You get your Bored Ape back when you pay off your loan. What happens if you don’t pay? The NFT is sent to the lender using smart contracts, which negates the necessity for debt collection and bounty hunters. That is only the start. NFTs are being fractionalized (to give more liquidity), operating as quasi-securities, and they’re fast becoming financesque enough to pique the curiosity of the U.S. Securities and Exchange Commission (SEC) and other securities authorities.
NFTs are also being used for staking. A user can stake a pair of tokens in a pool for a set length of time in exchange for an NFT that allows them to access the subsequent pool. The NFT functions as an entrance ticket and is discarded once you’ve entered the next pool. Because of the access these NFTs provide, this paradigm creates a secondary market for them. JustLiquidity provides an NFT staking model.
BakerySwap’s NFT meal combos, for example, provide greater staking incentives for holders. You will receive an NFT combination with a configurable amount of staking power if you contribute BAKE. Users can bet on these combinations, sell them on the secondary market, or stake them. Another fascinating use case for non-fungible tokens is the combination of NFTs, gamification, and DeFi.
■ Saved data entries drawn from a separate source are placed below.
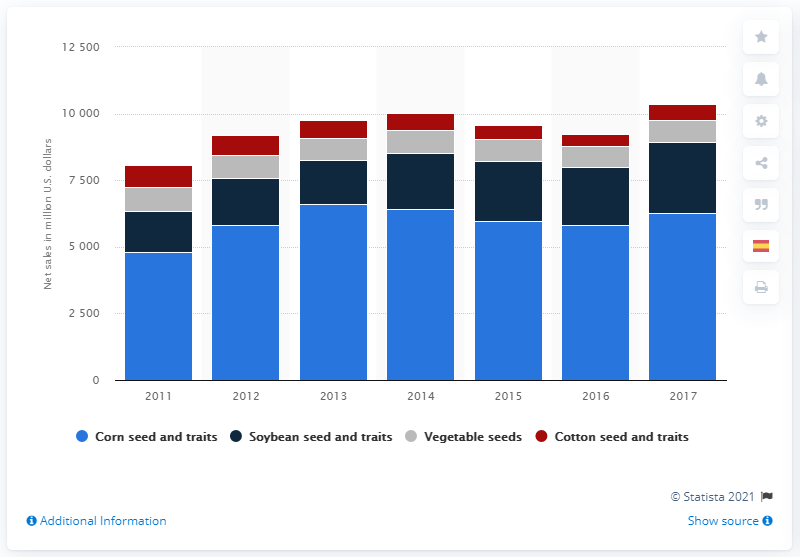Mention a couple of crucial points in this snapshot. In 2017, Monsanto's net sales from its corn seed and trait specialty were approximately $6,270 million. 
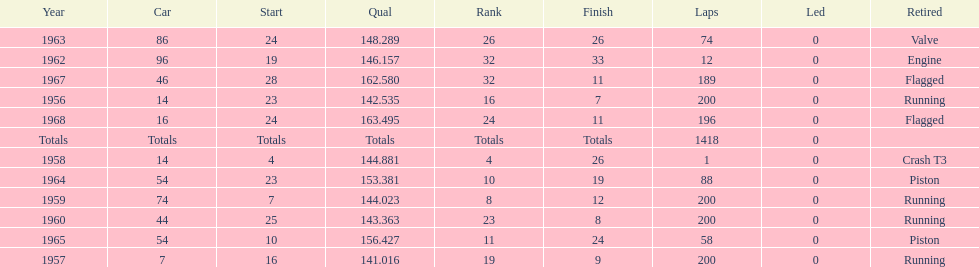How many times did he finish all 200 laps? 4. Can you give me this table as a dict? {'header': ['Year', 'Car', 'Start', 'Qual', 'Rank', 'Finish', 'Laps', 'Led', 'Retired'], 'rows': [['1963', '86', '24', '148.289', '26', '26', '74', '0', 'Valve'], ['1962', '96', '19', '146.157', '32', '33', '12', '0', 'Engine'], ['1967', '46', '28', '162.580', '32', '11', '189', '0', 'Flagged'], ['1956', '14', '23', '142.535', '16', '7', '200', '0', 'Running'], ['1968', '16', '24', '163.495', '24', '11', '196', '0', 'Flagged'], ['Totals', 'Totals', 'Totals', 'Totals', 'Totals', 'Totals', '1418', '0', ''], ['1958', '14', '4', '144.881', '4', '26', '1', '0', 'Crash T3'], ['1964', '54', '23', '153.381', '10', '19', '88', '0', 'Piston'], ['1959', '74', '7', '144.023', '8', '12', '200', '0', 'Running'], ['1960', '44', '25', '143.363', '23', '8', '200', '0', 'Running'], ['1965', '54', '10', '156.427', '11', '24', '58', '0', 'Piston'], ['1957', '7', '16', '141.016', '19', '9', '200', '0', 'Running']]} 
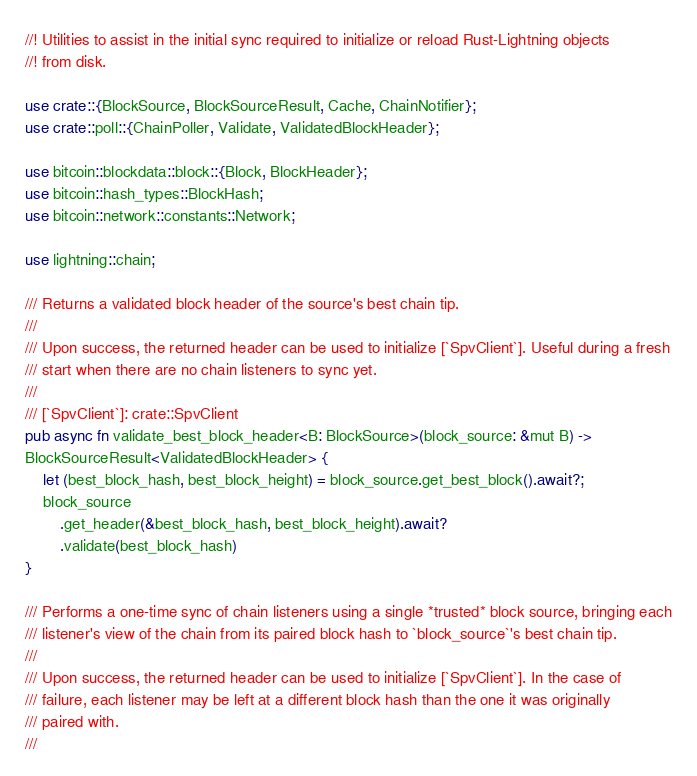<code> <loc_0><loc_0><loc_500><loc_500><_Rust_>//! Utilities to assist in the initial sync required to initialize or reload Rust-Lightning objects
//! from disk.

use crate::{BlockSource, BlockSourceResult, Cache, ChainNotifier};
use crate::poll::{ChainPoller, Validate, ValidatedBlockHeader};

use bitcoin::blockdata::block::{Block, BlockHeader};
use bitcoin::hash_types::BlockHash;
use bitcoin::network::constants::Network;

use lightning::chain;

/// Returns a validated block header of the source's best chain tip.
///
/// Upon success, the returned header can be used to initialize [`SpvClient`]. Useful during a fresh
/// start when there are no chain listeners to sync yet.
///
/// [`SpvClient`]: crate::SpvClient
pub async fn validate_best_block_header<B: BlockSource>(block_source: &mut B) ->
BlockSourceResult<ValidatedBlockHeader> {
	let (best_block_hash, best_block_height) = block_source.get_best_block().await?;
	block_source
		.get_header(&best_block_hash, best_block_height).await?
		.validate(best_block_hash)
}

Non-fungible coins aided in the resolution of long-standing scarcity issues in digital art. When you can digitally copy virtual artwork, how can you preserve it? While there is bogus art in the real world as well, we can typically identify it.
The majority of the value of crypto art comes from digitally validating its legitimacy and ownership. We can’t verify we own the original CryptoPunk or Bored Ape because anyone can look at it on the Ethereum blockchain and download or store it. Another sought-after benefit of owning an NFT such as an XPUNK is the community aspect. Belonging to an exclusive group of like-minded individuals that have their own NFT ‘avatar’ creates a sense of belonging which is a desirable trait
With NFTs, the connected artwork isn’t always the most important factor. Sometimes, demonstrating ownership of a particular asset is more crucial. This feature is what makes crypto art one of the most widely used NFT applications. Furthermore, royalties can be incorporated into the NFT smart contract, providing a part of the sale back to the original artist, enabling artists to profit from the secondary sale of their virtual art.
NFTs Based on Real-World Assets
The use of NFTs to link real-world assets can help to digitize the way we show ownership. We often deal with physical property deeds in real estate, for example. Highly illiquid items (such as a house or land) can be moved onto the blockchain by creating tokenized digital assets of these deeds. Regulators haven’t been particularly supportive of this use thus far. It’s currently in the early stages of development, but it’s one to keep an eye on in the future.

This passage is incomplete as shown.